Australia’s Finkel Review recommends energy security obligations for renewables

Credit: ARENA

Australia’s chief scientist Dr Alan Finkel has delivered his major energy review to the government recommending various changes that will impact the solar PV sector.

The Australian Solar Council picked out three key proposals:

  • Introducing a Clean Energy Target (CET) to replace the Renewable Energy Target (RET) after 2020
  • Implementing Energy Security Obligations for new large-scale renewable energy projects
  • Mandating three-year advance notice for closure of coal-fired power stations

The CET mechanism would provide incentives to encourage new generators into the market to ensure electricity demand is met. Although Finkel said the focus is on incentivising low emissions generation, the policy would not include penalising high emissions technology. Moreover, as long as it fits with as the emissions reduction trajectory, even coal-fired generation would be incentivised if mixed with wind and solar.
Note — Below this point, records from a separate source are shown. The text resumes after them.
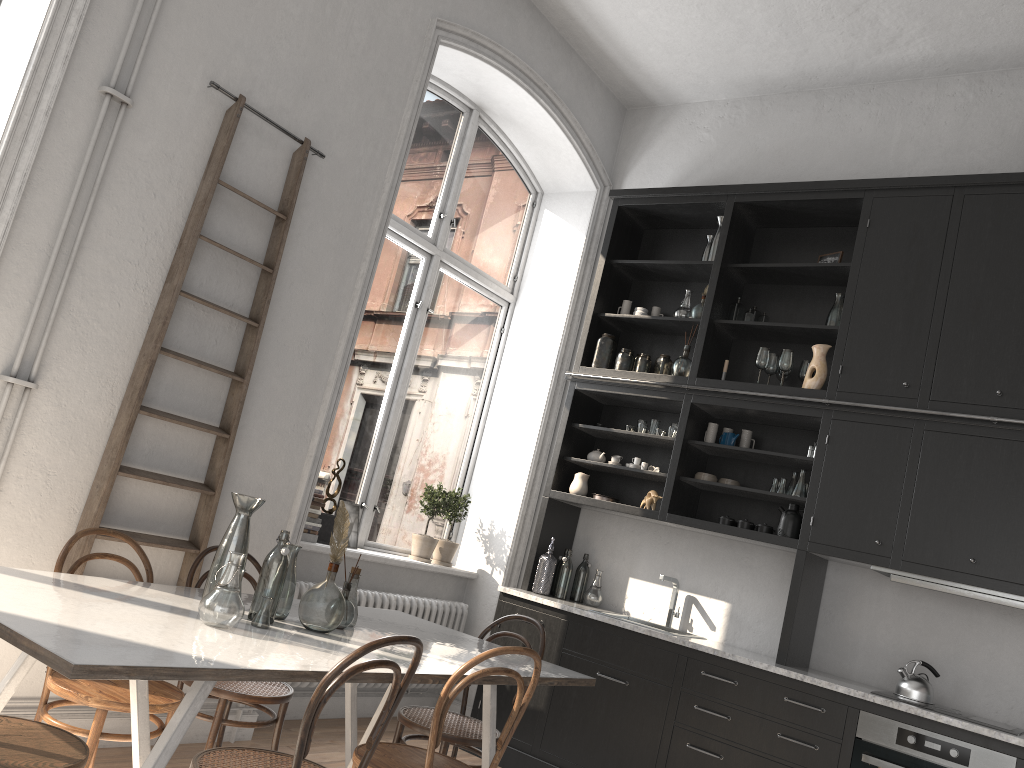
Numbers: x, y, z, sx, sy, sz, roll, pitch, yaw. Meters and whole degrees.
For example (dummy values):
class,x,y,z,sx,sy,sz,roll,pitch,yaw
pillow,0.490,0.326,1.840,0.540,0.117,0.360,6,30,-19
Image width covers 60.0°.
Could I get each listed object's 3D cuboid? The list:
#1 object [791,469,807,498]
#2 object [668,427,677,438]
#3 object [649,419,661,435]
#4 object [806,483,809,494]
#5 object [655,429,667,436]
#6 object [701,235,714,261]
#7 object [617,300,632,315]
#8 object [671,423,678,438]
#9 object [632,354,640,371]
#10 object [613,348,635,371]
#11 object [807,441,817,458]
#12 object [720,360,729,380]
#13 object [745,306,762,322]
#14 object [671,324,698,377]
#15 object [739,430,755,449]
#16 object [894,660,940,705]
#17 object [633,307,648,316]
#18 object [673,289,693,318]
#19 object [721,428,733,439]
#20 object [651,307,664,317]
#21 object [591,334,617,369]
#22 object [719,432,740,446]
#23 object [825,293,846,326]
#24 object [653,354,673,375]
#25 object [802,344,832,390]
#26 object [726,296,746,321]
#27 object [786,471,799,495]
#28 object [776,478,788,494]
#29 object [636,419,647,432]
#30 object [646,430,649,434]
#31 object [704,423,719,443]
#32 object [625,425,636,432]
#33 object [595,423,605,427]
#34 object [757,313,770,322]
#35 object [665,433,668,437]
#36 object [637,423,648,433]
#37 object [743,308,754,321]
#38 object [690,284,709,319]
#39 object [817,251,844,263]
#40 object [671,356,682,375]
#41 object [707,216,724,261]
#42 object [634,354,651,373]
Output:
class,x,y,z,sx,sy,sz,roll,pitch,yaw
object,1.557,0.541,4.780,0.083,0.157,0.084,10,-10,21
object,0.953,0.296,5.276,0.064,0.069,0.064,9,-11,30
object,0.862,0.273,5.388,0.061,0.107,0.060,18,-10,-25
object,1.622,0.604,4.894,0.067,0.108,0.068,10,-10,25
object,0.891,0.300,5.323,0.072,0.047,0.072,16,-10,-15
object,1.230,-0.816,5.578,0.070,0.231,0.067,8,-11,33
object,0.733,-0.472,5.776,0.059,0.135,0.082,18,-10,-24
object,0.981,0.295,5.350,0.060,0.107,0.061,12,-9,10
object,0.812,-0.096,5.682,0.092,0.184,0.092,14,-9,3
object,0.705,-0.136,5.553,0.114,0.155,0.114,6,-12,40
object,1.650,0.370,4.847,0.040,0.116,0.080,20,-11,-32
object,1.244,-0.068,5.187,0.123,0.161,0.123,5,-13,45
object,1.455,-0.384,5.368,0.065,0.176,0.084,19,-11,-30
object,1.044,-0.201,5.297,0.134,0.357,0.134,15,-9,-8
object,1.363,0.340,5.143,0.082,0.135,0.059,11,-10,20
object,1.936,1.413,4.241,0.171,0.185,0.171,22,-12,-41
object,0.828,-0.437,5.727,0.096,0.095,0.096,17,-10,-18
object,1.079,-0.475,5.515,0.132,0.219,0.132,12,-9,12
object,1.256,0.328,5.231,0.082,0.135,0.059,18,-10,-24
object,0.931,-0.429,5.742,0.059,0.135,0.082,19,-11,-29
object,0.590,-0.194,5.629,0.118,0.238,0.119,10,-10,23
object,1.251,0.331,5.121,0.082,0.093,0.140,14,-9,2
object,1.844,-0.386,5.035,0.110,0.254,0.100,14,-9,3
object,0.943,-0.090,5.559,0.092,0.184,0.092,21,-12,-37
object,1.661,-0.081,4.823,0.094,0.266,0.116,16,-9,-11
object,1.347,-0.431,5.319,0.084,0.199,0.065,19,-11,-30
object,1.560,0.565,4.920,0.084,0.157,0.083,22,-12,-41
object,1.474,0.561,4.831,0.058,0.094,0.058,16,-9,-13
object,0.801,0.279,5.516,0.060,0.107,0.061,13,-9,5
object,0.859,0.317,5.471,0.071,0.047,0.072,10,-10,25
object,1.166,0.301,5.198,0.059,0.135,0.082,13,-9,5
object,0.727,0.285,5.472,0.072,0.047,0.072,16,-10,-15
object,0.561,0.285,5.709,0.072,0.047,0.072,16,-10,-15
object,1.489,-0.365,5.264,0.045,0.121,0.058,18,-10,-25
object,0.928,0.322,5.396,0.072,0.047,0.072,18,-10,-24
object,0.793,0.281,5.419,0.064,0.069,0.064,15,-9,-5
object,1.402,-0.389,5.252,0.053,0.124,0.041,13,-9,4
object,1.177,-0.530,5.422,0.123,0.340,0.118,20,-11,-33
object,1.834,-0.690,5.104,0.056,0.121,0.167,19,-10,-27
object,1.031,-0.080,5.486,0.082,0.185,0.083,7,-12,38
object,1.279,-0.869,5.496,0.100,0.329,0.097,8,-11,33
object,0.815,-0.108,5.534,0.096,0.150,0.097,10,-10,26

This caveat led to campaign group Solar Citizens branding the review the “Finkel Flop”, claiming that the recommendations are bad news for wind and solar.

On the other hand Clean Energy Council chief executive Kane Thornton was more positive, stating: “Dr Finkel’s proposal for a Clean Energy Target could provide much needed long-term confidence to investors in new clean energy projects, bringing on new power supply that can lower power prices and ensure energy security as old coal-fired power stations continue to close.”

Indeed, Finkel noted several times the stress that the National Electricity Market (NEM) is under. He cited increased penetration of variable sources of energy (wind and solar) as a major issue for the grid, while also highlighting the troubles caused by the sudden closure of the giant Hazelwood coal plant earlier this year.

In fact, it was the Hazelwood closure that prompted one of Finkel’s key proposals – a requirement for all large generators to provide at least three years’ notice prior to closure.

Security obligation

Another proposals likely to be financially burdensome to solar and energy storage developers was the introduction of Energy Security Obligations for new large-scale renewable energy projects.

All new generators connecting to the National Electricity Market would have to meet “strict” technical requirements to contribute to fast frequency response and system strength. Renewable plants could partner with other forms of generation such as storage to meet these requirements.

The policy was again underpinned by the need to power system security in Australia, with Finkel again claiming: “Security and reliability have been compromised by poorly integrated variable renewable electricity generators, including wind and solar. This has coincided with the unplanned withdrawal of older coal and gas-fired generators.”


Rooftop solar and storage consumers should be rewarded for shifting electricity usage to off-peak times, said the review.

However, Finkel said the Australian Energy Market Operator (AEMO) currently lacks visibility of distributed energy resources, which is compromising its power system management. Australia already has one of the highest penetrations of rooftop solar in the world.

Finkel Review said: “The electricity system was not originally designed to accommodate millions of distributed energy resources (DER) such as rooftop solar photovoltaic and battery storage systems. CSIRO and Energy Networks Australia estimate that 30 to 45% of annual electricity consumption could be supplied from consumer-owned generators by 2050.”

Of course the Finkel Review contained a large number of other key proposals not covered in this article.